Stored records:
◆ ◆ ◆ ◆ ◆ ◆ ◆
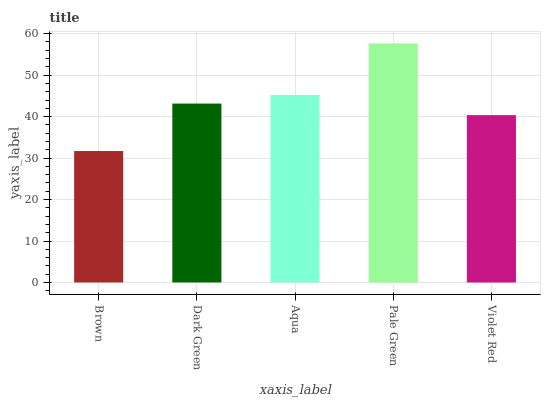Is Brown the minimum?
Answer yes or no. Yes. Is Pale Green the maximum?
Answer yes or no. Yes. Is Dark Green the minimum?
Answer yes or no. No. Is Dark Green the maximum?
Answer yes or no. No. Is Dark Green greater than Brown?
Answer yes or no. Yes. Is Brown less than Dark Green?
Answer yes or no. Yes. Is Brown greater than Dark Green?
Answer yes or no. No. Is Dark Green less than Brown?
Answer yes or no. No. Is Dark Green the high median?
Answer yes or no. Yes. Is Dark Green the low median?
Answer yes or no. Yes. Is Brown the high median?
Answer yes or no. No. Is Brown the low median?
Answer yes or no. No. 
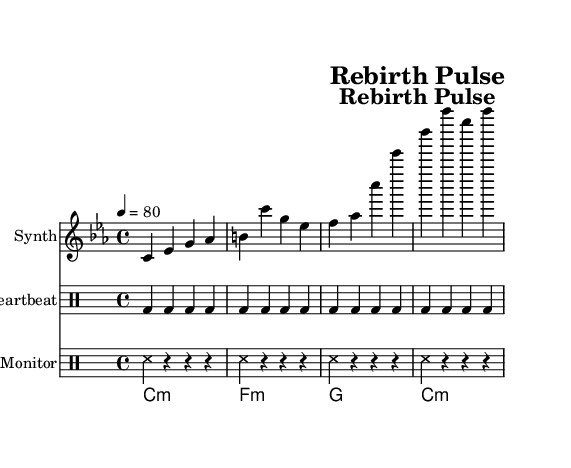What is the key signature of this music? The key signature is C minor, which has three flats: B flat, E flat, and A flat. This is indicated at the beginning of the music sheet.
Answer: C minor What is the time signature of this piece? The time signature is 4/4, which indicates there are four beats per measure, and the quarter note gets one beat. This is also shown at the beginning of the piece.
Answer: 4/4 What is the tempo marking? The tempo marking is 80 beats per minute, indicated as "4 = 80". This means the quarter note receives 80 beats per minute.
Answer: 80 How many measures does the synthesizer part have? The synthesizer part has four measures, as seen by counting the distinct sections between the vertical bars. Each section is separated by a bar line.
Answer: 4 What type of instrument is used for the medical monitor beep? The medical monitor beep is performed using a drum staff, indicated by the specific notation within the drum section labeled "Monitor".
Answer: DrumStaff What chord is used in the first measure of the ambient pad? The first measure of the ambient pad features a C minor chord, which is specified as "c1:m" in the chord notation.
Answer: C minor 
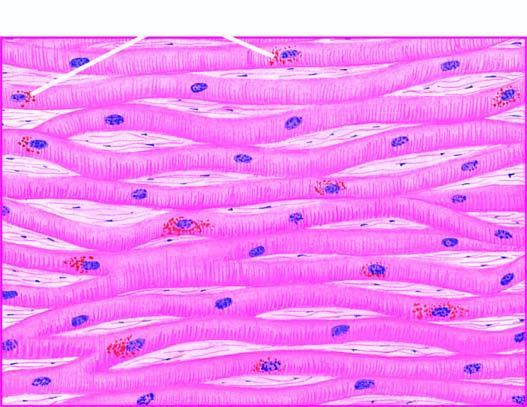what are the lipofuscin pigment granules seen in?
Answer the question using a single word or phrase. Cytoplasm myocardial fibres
◆ ◆ ◆ ◆ ◆ ◆ ◆
What you are asked to do: Transcribe only the lines above that start at the line containing "Answer yes or no. Yes. Is Dark Green the minimum?" and end at the line containing "Answer: 4/4 What". Omit pictures.

Response for this exercise:
Answer yes or no. Yes. Is Dark Green the minimum?
Answer yes or no. No. Is Dark Green the maximum?
Answer yes or no. No. Is Dark Green greater than Brown?
Answer yes or no. Yes. Is Brown less than Dark Green?
Answer yes or no. Yes. Is Brown greater than Dark Green?
Answer yes or no. No. Is Dark Green less than Brown?
Answer yes or no. No. Is Dark Green the high median?
Answer yes or no. Yes. Is Dark Green the low median?
Answer yes or no. Yes. Is Brown the high median?
Answer yes or no. No. Is Brown the low median?
Answer yes or no. No. 
What is the key signature of this music? The key signature is C minor, which has three flats: B flat, E flat, and A flat. This is indicated at the beginning of the music sheet.
Answer: C minor What is the time signature of this piece? The time signature is 4/4, which indicates there are four beats per measure, and the quarter note gets one beat. This is also shown at the beginning of the piece.
Answer: 4/4 What is the tempo marking? The tempo marking is 80 beats per minute, indicated as "4 = 80". This means the quarter note receives 80 beats per minute.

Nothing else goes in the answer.